■ Input:
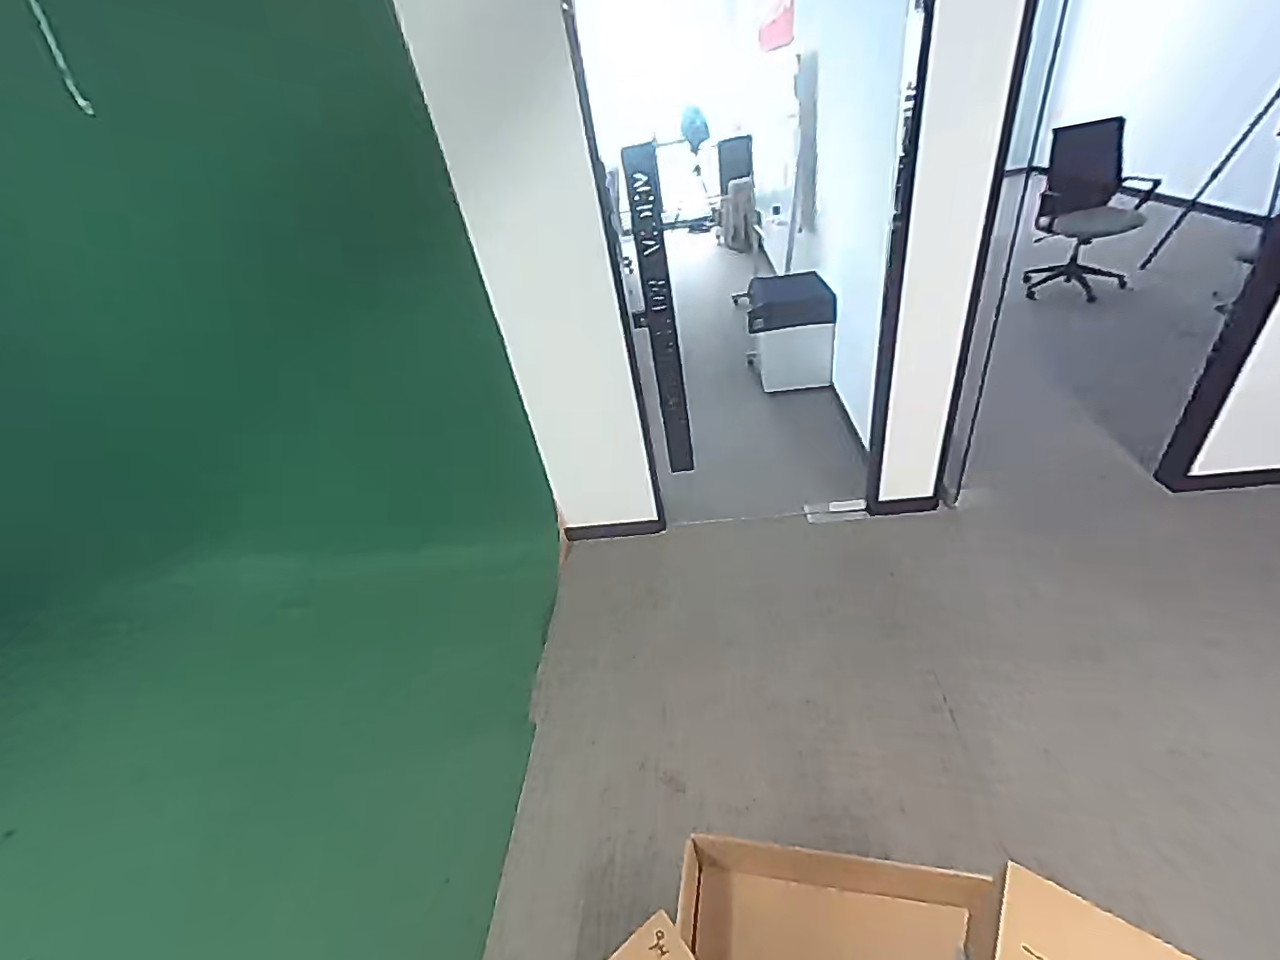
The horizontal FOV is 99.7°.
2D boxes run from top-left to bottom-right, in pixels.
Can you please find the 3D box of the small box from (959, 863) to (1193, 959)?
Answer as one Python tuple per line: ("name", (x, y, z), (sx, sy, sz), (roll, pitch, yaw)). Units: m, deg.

...

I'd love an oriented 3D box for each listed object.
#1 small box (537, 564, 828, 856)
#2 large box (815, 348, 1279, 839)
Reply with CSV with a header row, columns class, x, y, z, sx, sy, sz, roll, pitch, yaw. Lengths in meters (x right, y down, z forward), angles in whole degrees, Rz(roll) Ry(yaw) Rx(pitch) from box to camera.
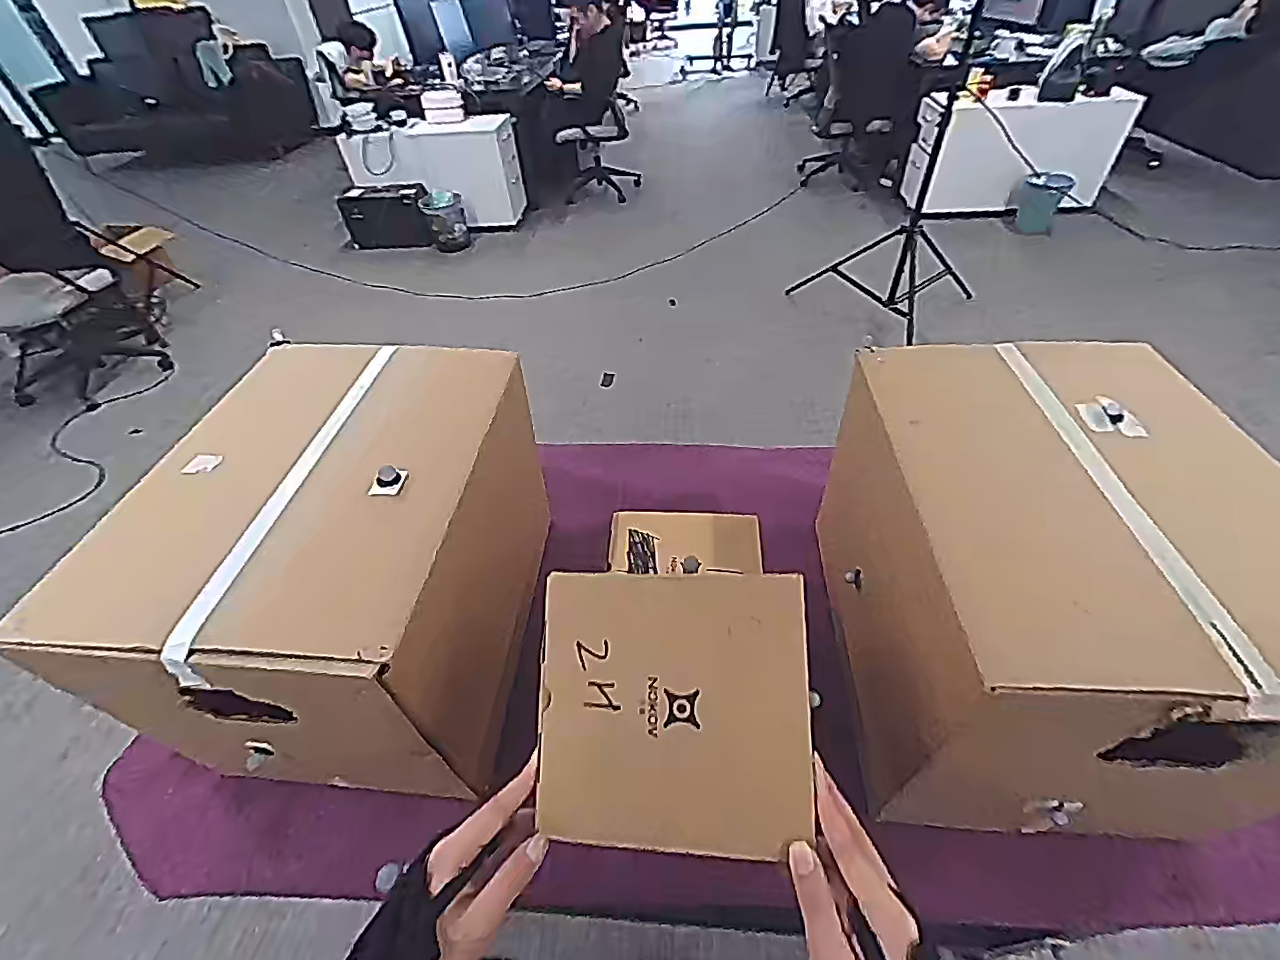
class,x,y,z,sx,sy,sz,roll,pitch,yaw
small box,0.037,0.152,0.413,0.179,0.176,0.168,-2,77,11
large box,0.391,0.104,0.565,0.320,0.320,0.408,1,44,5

==

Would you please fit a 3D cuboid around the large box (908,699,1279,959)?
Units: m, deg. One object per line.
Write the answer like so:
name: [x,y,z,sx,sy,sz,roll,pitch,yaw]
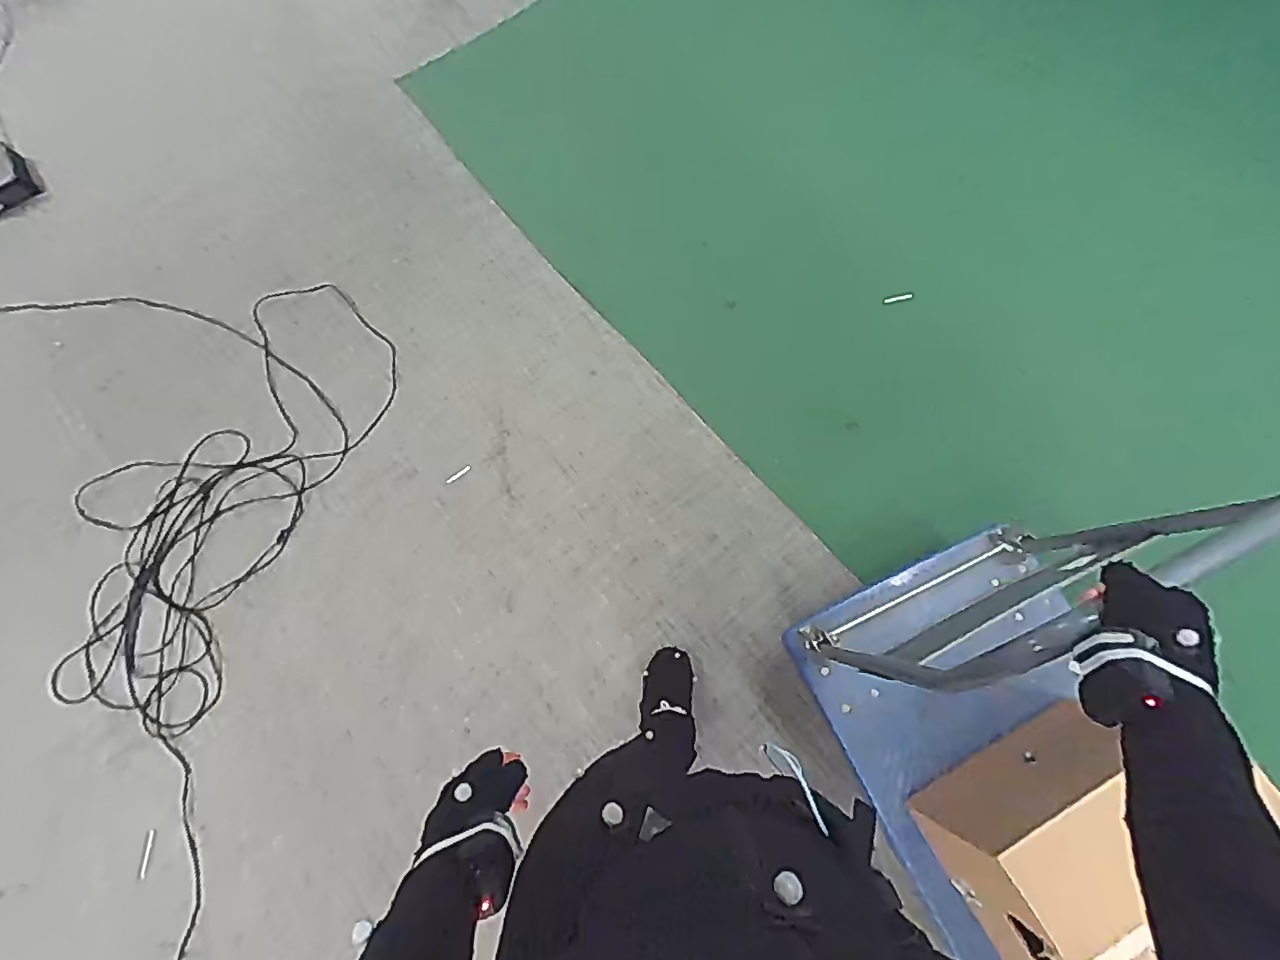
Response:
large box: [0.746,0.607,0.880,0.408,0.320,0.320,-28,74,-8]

■ Problem details:
From the listing above, the lines starting with the one that has "2D boxes run" and running through the one that has "Answer as one" should be copied exactly, ends included.

■ Output below:
2D boxes run from top-left to bottom-right, in pixels.
Can you please find the 3D box of the small box from (959, 863) to (1193, 959)?
Answer as one Python tuple per line: ("name", (x, y, z), (sx, sy, sz), (roll, pitch, yaw)). Units: m, deg.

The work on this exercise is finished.